Try putting a cap across the current sense resistors, it will slow the freq down a little and damp the reverse recovery current pulse and should drop your EMI a bit. You may even need a faster diode if you are determined to run at 1MHz, which seems too high to me too. What does the datasheet say about recommended inductor values and freq? 10uH and 1MHz seem silly values, you will get better efficiency with a large rinductor and a slower switching freq.

Nice PCB layout by the way.
 
The chip is very fast. It would appear you are just seeing the EMI getting into the scope.
 
I placed a capacitor across the current sense resistor, which also reduces the switching frequency.
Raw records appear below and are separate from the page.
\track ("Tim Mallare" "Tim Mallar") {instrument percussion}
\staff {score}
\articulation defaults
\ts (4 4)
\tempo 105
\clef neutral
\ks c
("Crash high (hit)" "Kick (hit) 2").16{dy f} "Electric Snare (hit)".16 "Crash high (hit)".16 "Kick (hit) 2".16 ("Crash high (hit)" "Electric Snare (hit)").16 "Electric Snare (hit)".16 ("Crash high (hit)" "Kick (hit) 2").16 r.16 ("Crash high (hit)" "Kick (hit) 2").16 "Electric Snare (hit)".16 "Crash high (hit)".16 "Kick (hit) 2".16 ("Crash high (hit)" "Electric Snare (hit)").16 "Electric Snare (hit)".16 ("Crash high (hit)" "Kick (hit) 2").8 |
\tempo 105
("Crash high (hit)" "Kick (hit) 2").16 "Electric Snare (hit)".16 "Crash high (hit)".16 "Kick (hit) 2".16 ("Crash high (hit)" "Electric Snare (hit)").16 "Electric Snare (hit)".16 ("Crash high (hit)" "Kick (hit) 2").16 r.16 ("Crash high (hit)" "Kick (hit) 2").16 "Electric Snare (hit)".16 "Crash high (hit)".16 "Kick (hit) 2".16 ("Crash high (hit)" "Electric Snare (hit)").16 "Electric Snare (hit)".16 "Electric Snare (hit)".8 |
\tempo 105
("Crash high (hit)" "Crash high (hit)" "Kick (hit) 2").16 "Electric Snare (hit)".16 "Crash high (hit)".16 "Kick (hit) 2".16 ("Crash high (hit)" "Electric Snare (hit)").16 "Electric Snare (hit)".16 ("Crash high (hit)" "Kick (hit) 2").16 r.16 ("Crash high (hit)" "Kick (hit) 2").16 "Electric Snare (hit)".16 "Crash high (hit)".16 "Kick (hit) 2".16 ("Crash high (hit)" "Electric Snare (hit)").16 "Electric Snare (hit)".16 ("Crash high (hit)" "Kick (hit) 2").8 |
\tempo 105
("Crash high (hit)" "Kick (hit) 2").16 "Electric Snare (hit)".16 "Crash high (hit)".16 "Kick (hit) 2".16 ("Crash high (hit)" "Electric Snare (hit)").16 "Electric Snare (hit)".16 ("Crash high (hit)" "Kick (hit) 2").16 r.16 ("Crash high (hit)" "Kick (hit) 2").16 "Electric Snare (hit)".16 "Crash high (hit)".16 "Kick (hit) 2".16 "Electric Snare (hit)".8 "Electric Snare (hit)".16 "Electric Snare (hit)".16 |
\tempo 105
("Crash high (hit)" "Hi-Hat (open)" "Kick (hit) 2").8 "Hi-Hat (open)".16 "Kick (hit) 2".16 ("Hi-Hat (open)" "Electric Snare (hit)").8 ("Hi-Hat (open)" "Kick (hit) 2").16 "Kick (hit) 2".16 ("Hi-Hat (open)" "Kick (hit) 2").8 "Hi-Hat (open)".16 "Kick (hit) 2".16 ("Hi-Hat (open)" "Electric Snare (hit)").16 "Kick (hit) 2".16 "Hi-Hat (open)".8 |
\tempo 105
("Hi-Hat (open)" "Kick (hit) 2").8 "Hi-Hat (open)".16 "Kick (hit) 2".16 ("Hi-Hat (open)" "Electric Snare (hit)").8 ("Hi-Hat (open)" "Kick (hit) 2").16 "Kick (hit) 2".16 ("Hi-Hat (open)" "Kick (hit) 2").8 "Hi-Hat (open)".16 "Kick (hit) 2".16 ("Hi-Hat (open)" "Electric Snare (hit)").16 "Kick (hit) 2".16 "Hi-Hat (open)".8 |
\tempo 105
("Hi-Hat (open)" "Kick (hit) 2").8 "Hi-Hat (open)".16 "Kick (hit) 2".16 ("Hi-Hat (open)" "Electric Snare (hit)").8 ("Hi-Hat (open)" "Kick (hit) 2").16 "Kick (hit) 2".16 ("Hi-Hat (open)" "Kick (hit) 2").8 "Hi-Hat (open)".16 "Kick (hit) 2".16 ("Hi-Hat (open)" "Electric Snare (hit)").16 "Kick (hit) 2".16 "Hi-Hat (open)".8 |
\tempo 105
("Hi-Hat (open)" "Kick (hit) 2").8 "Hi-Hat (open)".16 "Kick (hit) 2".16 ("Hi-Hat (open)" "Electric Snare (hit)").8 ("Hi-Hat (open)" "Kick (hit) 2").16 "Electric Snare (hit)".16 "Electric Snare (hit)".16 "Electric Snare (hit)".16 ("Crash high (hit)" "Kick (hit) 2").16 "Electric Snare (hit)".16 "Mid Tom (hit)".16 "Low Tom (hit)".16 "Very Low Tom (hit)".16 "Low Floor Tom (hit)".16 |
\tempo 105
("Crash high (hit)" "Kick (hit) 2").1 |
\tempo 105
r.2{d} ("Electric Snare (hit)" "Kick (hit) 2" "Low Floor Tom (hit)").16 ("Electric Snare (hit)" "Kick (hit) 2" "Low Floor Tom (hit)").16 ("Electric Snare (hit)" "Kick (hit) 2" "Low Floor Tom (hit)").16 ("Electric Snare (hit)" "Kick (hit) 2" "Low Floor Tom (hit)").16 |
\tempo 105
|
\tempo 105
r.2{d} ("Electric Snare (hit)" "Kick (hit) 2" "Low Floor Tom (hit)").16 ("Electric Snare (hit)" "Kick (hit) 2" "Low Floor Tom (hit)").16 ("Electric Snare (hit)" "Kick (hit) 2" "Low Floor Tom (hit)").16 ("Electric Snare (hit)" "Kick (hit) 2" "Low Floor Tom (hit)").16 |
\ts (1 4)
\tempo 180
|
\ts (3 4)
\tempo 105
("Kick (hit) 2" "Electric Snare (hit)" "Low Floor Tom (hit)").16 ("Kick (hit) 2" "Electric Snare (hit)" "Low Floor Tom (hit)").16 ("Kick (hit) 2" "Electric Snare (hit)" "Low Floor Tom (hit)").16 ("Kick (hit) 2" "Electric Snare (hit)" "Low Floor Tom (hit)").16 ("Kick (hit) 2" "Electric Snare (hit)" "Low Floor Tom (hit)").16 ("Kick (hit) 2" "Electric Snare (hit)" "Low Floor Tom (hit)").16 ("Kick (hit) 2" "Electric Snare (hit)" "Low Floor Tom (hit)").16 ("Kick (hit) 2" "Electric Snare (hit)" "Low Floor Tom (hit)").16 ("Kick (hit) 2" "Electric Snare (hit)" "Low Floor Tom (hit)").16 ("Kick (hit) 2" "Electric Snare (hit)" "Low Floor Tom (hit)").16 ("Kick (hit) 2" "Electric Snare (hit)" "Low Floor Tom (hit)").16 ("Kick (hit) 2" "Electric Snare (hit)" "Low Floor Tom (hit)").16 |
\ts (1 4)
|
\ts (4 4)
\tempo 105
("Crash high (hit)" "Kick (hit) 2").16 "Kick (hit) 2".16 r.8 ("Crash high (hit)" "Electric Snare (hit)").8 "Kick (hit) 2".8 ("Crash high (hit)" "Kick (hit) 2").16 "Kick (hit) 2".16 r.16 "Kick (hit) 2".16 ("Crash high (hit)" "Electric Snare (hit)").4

With a 0.5uF cap, there's still a spike but it's very small. Now my ripple voltage is 240mV, with spike 336mV. Previously my ripple voltage was 23mV and the spike was 500mV. The switching frequency went from 1.7MHz to 633kHz.

With 1uF cap, the spike is entirely gone but the ripple is 340mV.

I'm going to order some bigger value inductors and see what that'll do.
 
Sounding better.

A 0.3v ripple on your 6.8v output to a LED is unlikely to be an issue, I don't think your user will see that at >500kHz.

Bigger inductor (33uH?) sounds like a good idea, along with a bigger Vout cap, like 4.7uF. You should be able to source both in the same package size for the same price so you may as well get the benefits of lower switching freq.